There’d been a note on the counter. Nina was staying with her mate back at the staff quarters tonight.

He scrunched up the paper, flicked it into the trash. When night fell, he cracked open a beer and reclined in a deckchair out on the balcony. With the Mikano restaurant’s piano tinkling in over the warm air, he watched the waves roll endlessly in, then roll just as endlessly out. He slept not a wink. When a peaceful dawn broke, sienna-gold on the quiet horizon, his eyes were gritty and his throat ached.

He believed he could change Nina’s mind. He knew what to say, how to touch, where to kiss, so she couldn’t say no. But, as much as the beast inside urged him to persuade her to continue their affair after she returned to Sydney, he simply couldn’t be that selfish and hurt her that way.

As he’d said—she was right. His past with women was proof. Nina would only end up hurt.

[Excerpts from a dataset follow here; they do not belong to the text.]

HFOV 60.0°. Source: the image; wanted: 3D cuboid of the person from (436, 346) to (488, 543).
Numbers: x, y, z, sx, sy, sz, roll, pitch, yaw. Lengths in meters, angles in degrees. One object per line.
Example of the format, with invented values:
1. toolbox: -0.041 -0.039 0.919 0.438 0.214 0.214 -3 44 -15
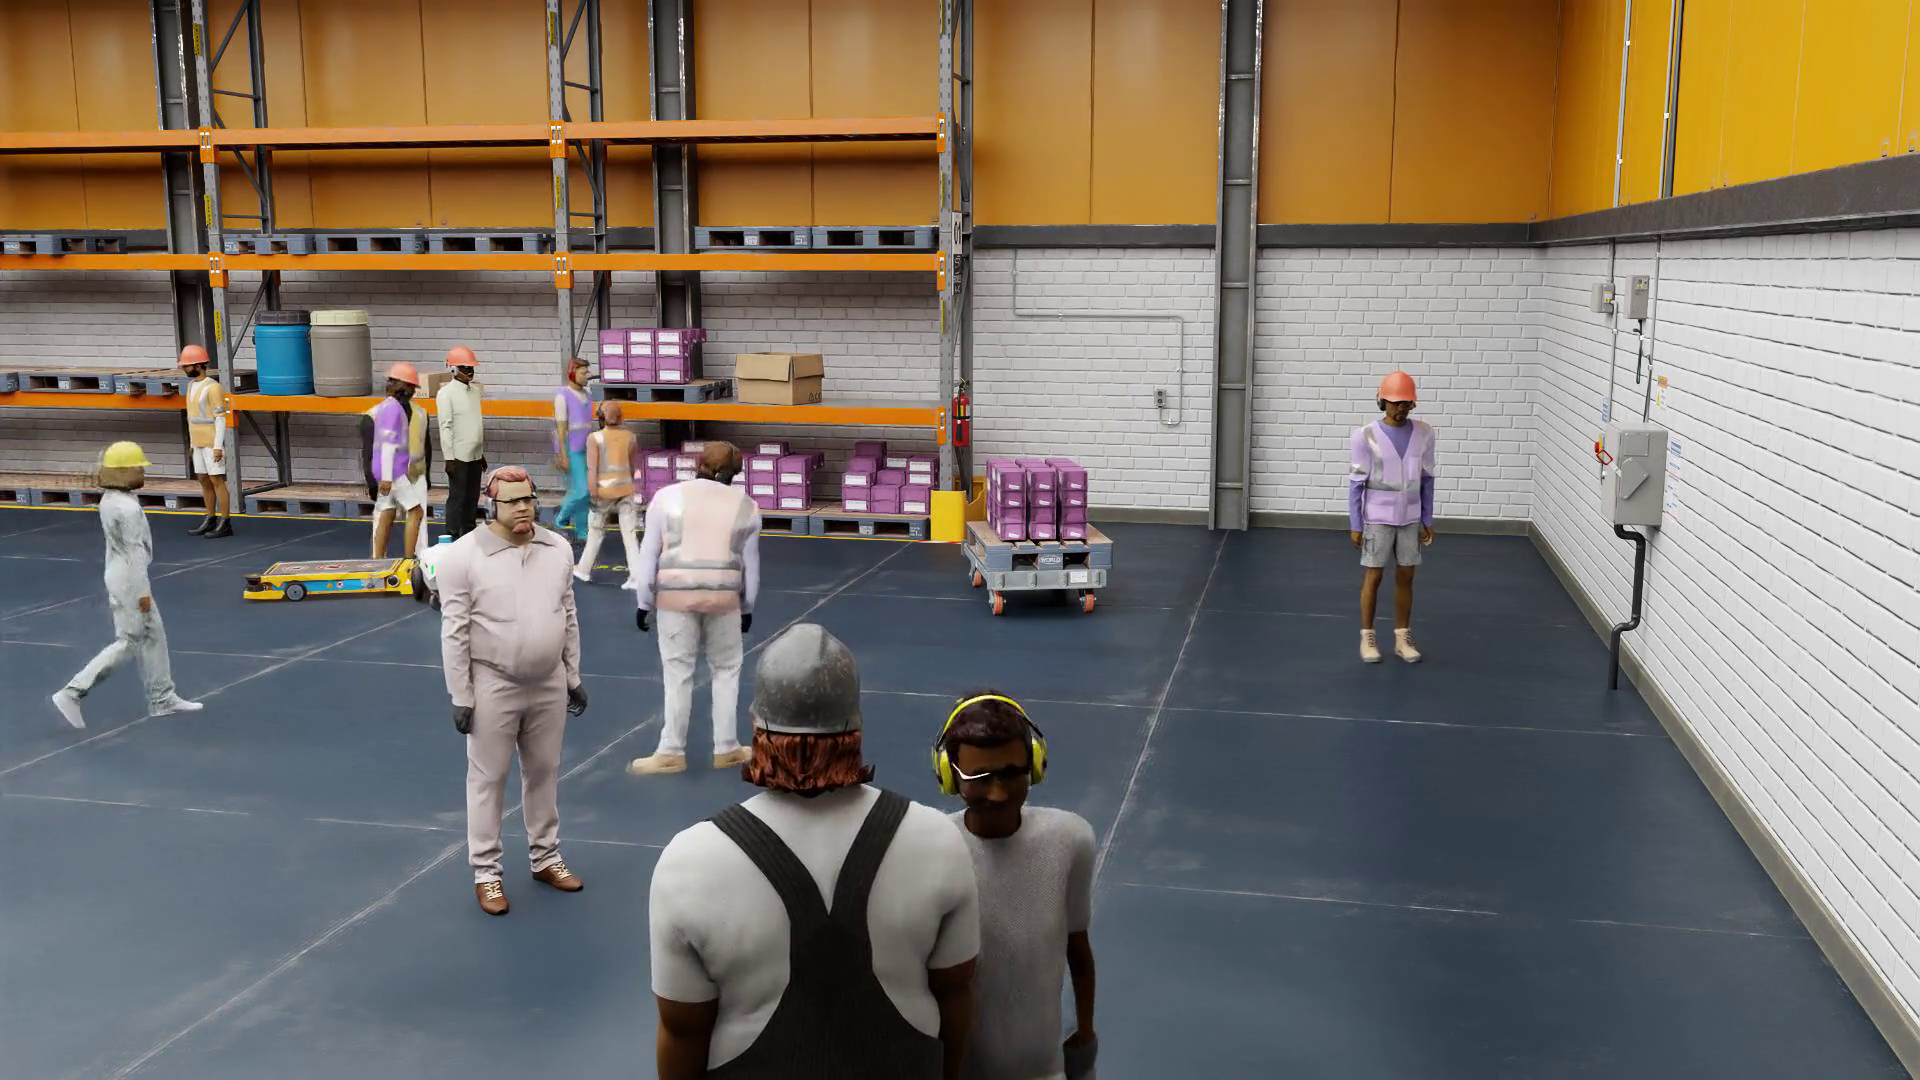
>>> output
1. person: -4.538 -0.780 15.259 0.386 1.993 0.622 2 10 14

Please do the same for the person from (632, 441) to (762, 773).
1. person: -1.463 0.368 9.065 0.753 1.809 0.433 -3 10 -16

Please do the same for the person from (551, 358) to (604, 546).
1. person: -3.689 -0.836 16.050 0.435 1.834 0.588 3 10 17

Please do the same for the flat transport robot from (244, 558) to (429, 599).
1. flat transport robot: -5.154 0.313 13.882 1.431 0.197 0.652 -2 10 -11

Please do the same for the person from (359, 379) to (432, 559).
1. person: -4.905 -0.541 14.516 0.648 1.799 0.979 -8 12 -39

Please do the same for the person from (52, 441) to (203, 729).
1. person: -5.015 0.264 9.912 0.773 1.712 0.490 -7 12 -37

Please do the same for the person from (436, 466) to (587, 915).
1. person: -1.900 0.629 7.176 0.638 1.909 0.407 -9 13 -43

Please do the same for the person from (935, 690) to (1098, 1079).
1. person: 0.070 1.236 3.747 0.532 1.848 0.474 -1 10 -7

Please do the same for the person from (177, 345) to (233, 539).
1. person: -7.549 -0.976 16.608 0.548 1.931 0.379 8 12 38

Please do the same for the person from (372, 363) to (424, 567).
1. person: -4.821 -0.571 14.347 0.671 1.884 0.601 -5 11 -27

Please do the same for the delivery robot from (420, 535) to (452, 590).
1. delivery robot: -4.139 0.206 13.401 0.477 0.478 0.707 -4 10 -23

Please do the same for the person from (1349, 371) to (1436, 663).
1. person: 2.981 -0.150 11.443 0.611 2.032 0.421 -2 10 -9

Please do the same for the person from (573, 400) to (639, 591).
1. person: -2.980 -0.383 14.078 0.520 1.596 0.817 -8 13 -41
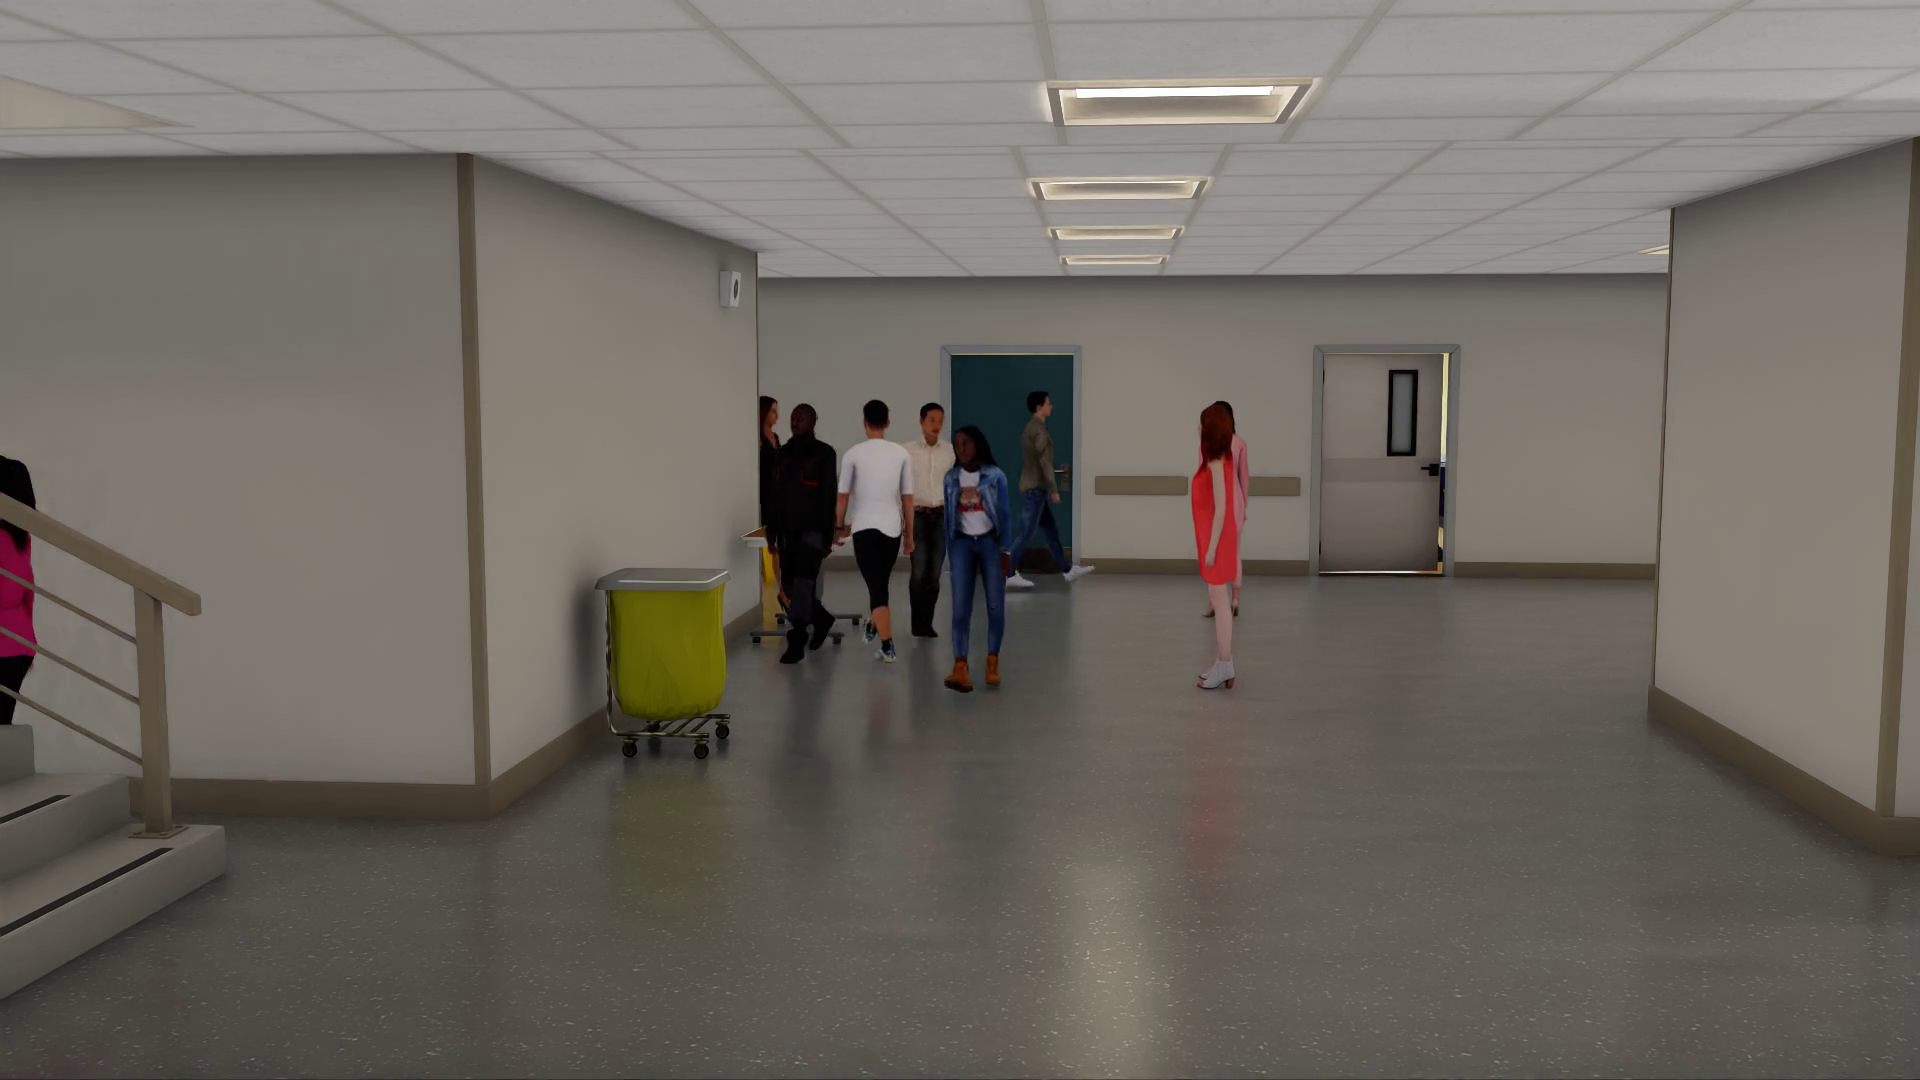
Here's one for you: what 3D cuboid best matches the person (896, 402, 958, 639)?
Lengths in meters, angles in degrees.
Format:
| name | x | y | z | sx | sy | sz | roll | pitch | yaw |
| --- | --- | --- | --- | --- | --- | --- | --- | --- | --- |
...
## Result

She wanted his respect and he did respect her—her courage, her humour and integrity. But respect and love were two different things. If she was frightened about how much she cared for him, he wasn’t too comfortable with his emotions either.

He’d told her his life was too busy to accommodate the kind of commitment she was wanted. But through these long, lonely hours he’d admitted that was a lie. The simple truth was he didn’t want to be tied down. But it went deeper than that. He didn’t want to commit because he didn’t need to worry about whether he was good enough. Whether he could provide enough—emotionally financially, physically.

His mother hadn’t given his father a chance and young Gabe had been the one to lose out. He’d come to terms with his mother’s choices. He’d forgiven her long ago. But he had Faith and her gentle wise ways to thank for that.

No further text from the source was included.